Church Growth Is Not Necessarily Effective Evangelism
A "tough love" article for congregations who claim a priority focus on evangelism.
(Note: This is a topic on which George has written before in his role as a consultant to congregations throughout North America over the last 45 years. From time-to-time he thinks about this subject again and writes a new article. Those thoughts arose again several weeks ago and brought forth this positive challenge to those who scream the loudest they are evangelistic. He recommends churches check out the facts about their church’s growth.)
Church Growth is Not Necessarily Effective Evangelism
Worship at Awaken Church on a recent Sunday included several baptisms. It was a great service of celebration. Lead pastor Stuart Hansberry spoke words of joy to the congregation as to what God was doing in and through their community of faith.
He asserted many people were reached for an eternal relationship with God because of the evangelism efforts of Awaken. He quoted the growth numbers over the past few years as something that showed the true blessing of God.
“God’s hand is on our congregation,” he declared. The congregation rose in applause. People left that day rejoicing about how glad they were to be part of Awaken.
Do the Facts Support This?
The mood was different at staff meeting the next day. Executive pastor Tom Powers presented an in-depth analysis of the people who joined the congregation during the past five years. Tom, a retired engineer, was familiar with the classic church growth categories of transfer, biological, and conversion growth.
He did his analysis based on these categories with one twist. Often biological growth is when children in a household come to faith. His twist was that if one adult in the household was already a Christian, if another adult in the household came to faith that was still biological growth.
Not conversion growth. Yes, the adult was a new believer. Yet he or she did not come from a non-Christian household.
This twist presents a greater challenge to the efforts of churches to experience conversion growth. It begs the question – why the strict definition of conversion growth?
Tom shared a chart of the new members using his modified church growth categories. It showed 27 percent of new members were the result of biological growth from households in which at least one adult was already a professing Christian. Most were children of church members.
Sixty-four percent represented transfer growth from other congregations. Only nine percent of new members were the result of conversion growth.
Thus, 91 percent of new members during the previous five years came from Christian households. For a congregation who claimed to focus significantly on evangelism this was embarrassing.
PreChristian households were not being reached in significant numbers.
It points to a churched culture congregation that competes with other congregations and gathers the faithful. Not to a missionary outpost focused on making disciples among those who do not have a Christ-centered faith relationship with God.
What About the Most Recent Baptisms?
The day before seven people were baptized.
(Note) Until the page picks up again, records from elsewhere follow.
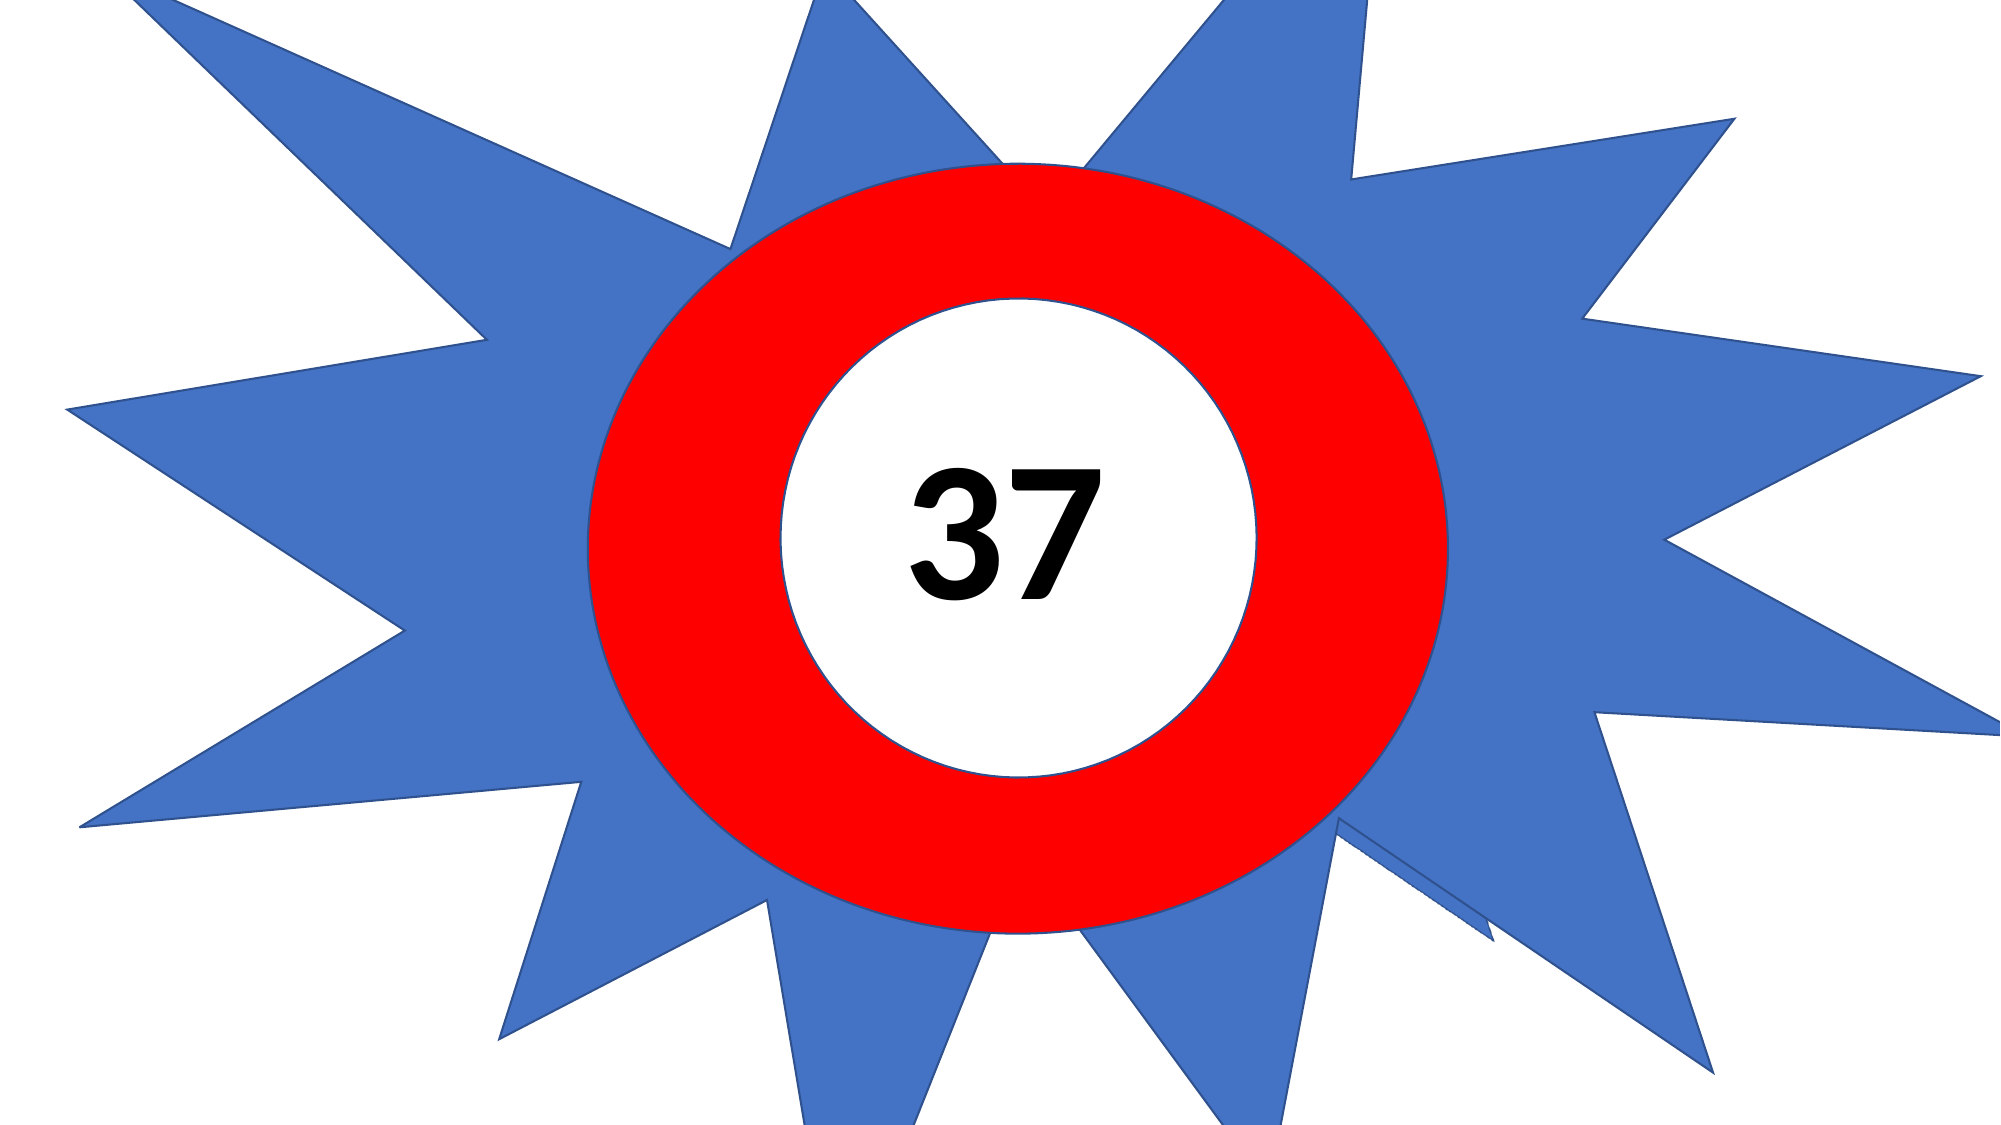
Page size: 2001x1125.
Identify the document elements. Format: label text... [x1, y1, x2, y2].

picture [271, 544, 403, 710]
picture [1281, 713, 1729, 1125]
picture [1666, 507, 1729, 574]
picture [856, 0, 1223, 168]
picture [271, 0, 813, 248]
picture [1352, 0, 1729, 179]
text_box 37 [888, 391, 1206, 650]
picture [271, 133, 485, 375]
picture [1584, 128, 1729, 339]
text_box [67, 0, 2000, 1125]
picture [915, 930, 1222, 1125]
picture [271, 783, 804, 1125]
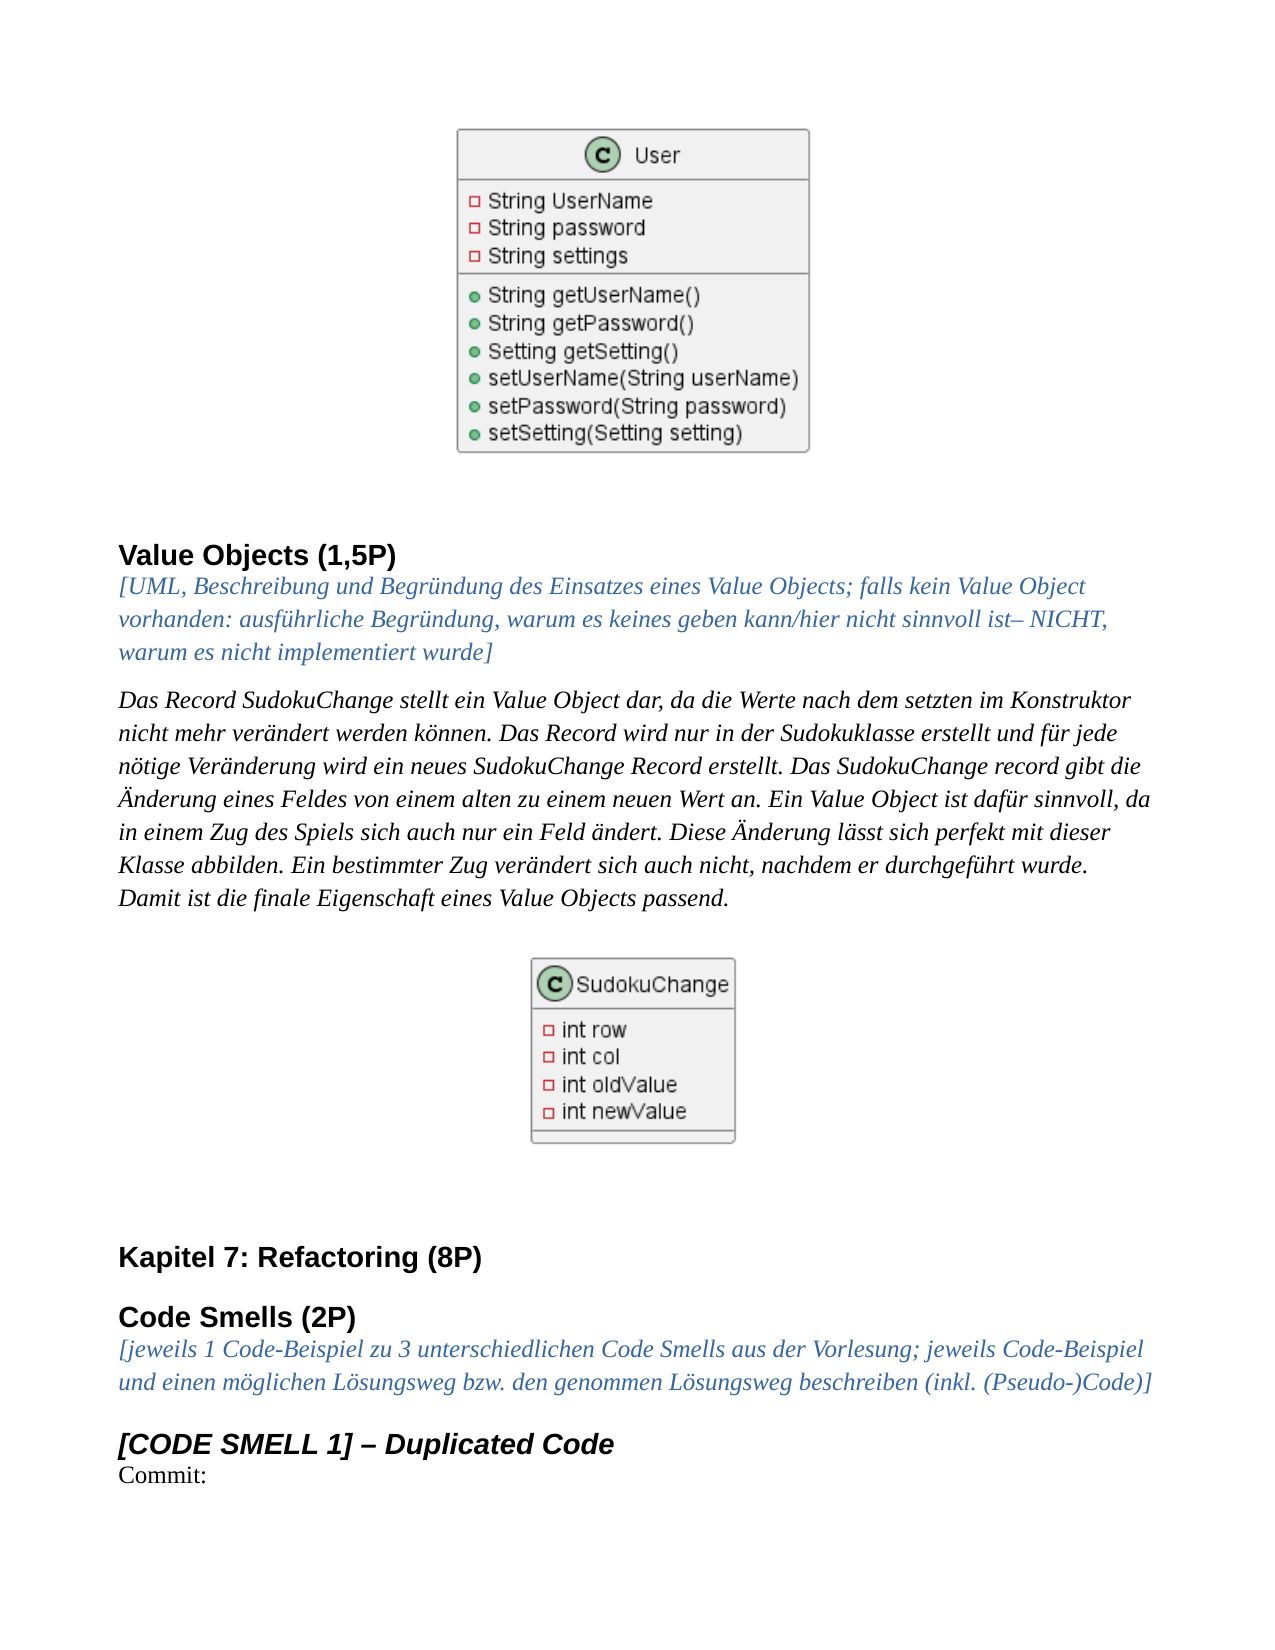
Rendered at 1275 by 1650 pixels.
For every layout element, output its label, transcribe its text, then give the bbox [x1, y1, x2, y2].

Three were children or teenagers of Awaken members. They became Christians through the spiritual cultivation of their parents, and the witness of Awaken staff and leaders.
One was a husband where his wife and children were already professing Christians. He was a military officer who during a recent deployment realized his need for a spiritual relationship with God.
A fifth was a teenager from a non-Christian household. He received Jesus as his Lord and Savior through the football ministry of Awaken at his high school. His non-Christian family was present and not sure how they felt about his baptism.
Finally, was an “empty nest” couple new to Awaken coming from a different denominational background that baptizes infants. They were both church members with an active Christian faith throughout their lives. They left their denomination when they could not agree with changes in its doctrinal standards.
Because they had never received “believers’ baptism,” Awaken insisted they be baptized by immersion. They struggled with this for almost a year, but finally accepted the need for rebaptism.
If you are following the numbers, how many people baptized fit the strictest definition of conversion growth?
One. The teenager.
The Impact of the Analysis
Stuart Hansberry – a lead pastor with a reputation for growing churches – struggled with this information. It did not fit what he felt or wanted. He could not ignore the analysis.
No one had ever shown him these facts. He was shocked. Rather than react defensively, he thanked Tom for his analysis.
The staff worked during the next several months to develop culture changing plans to empower their actions to fit their words and convictions about evangelism.
Call to Action
If you did this analysis in your congregation, what would it reveal? What are needed actions to match your words and convictions with the reality of your congregation?
ForthTelling Innovation Insight: George Bullard conducts this analysis with congregations. Of those with a major evangelism theme the percentage of new members resulting from a strict definition of conversion growth is between nine and 13 percent. Typically, these congregations are also 21 or more years old.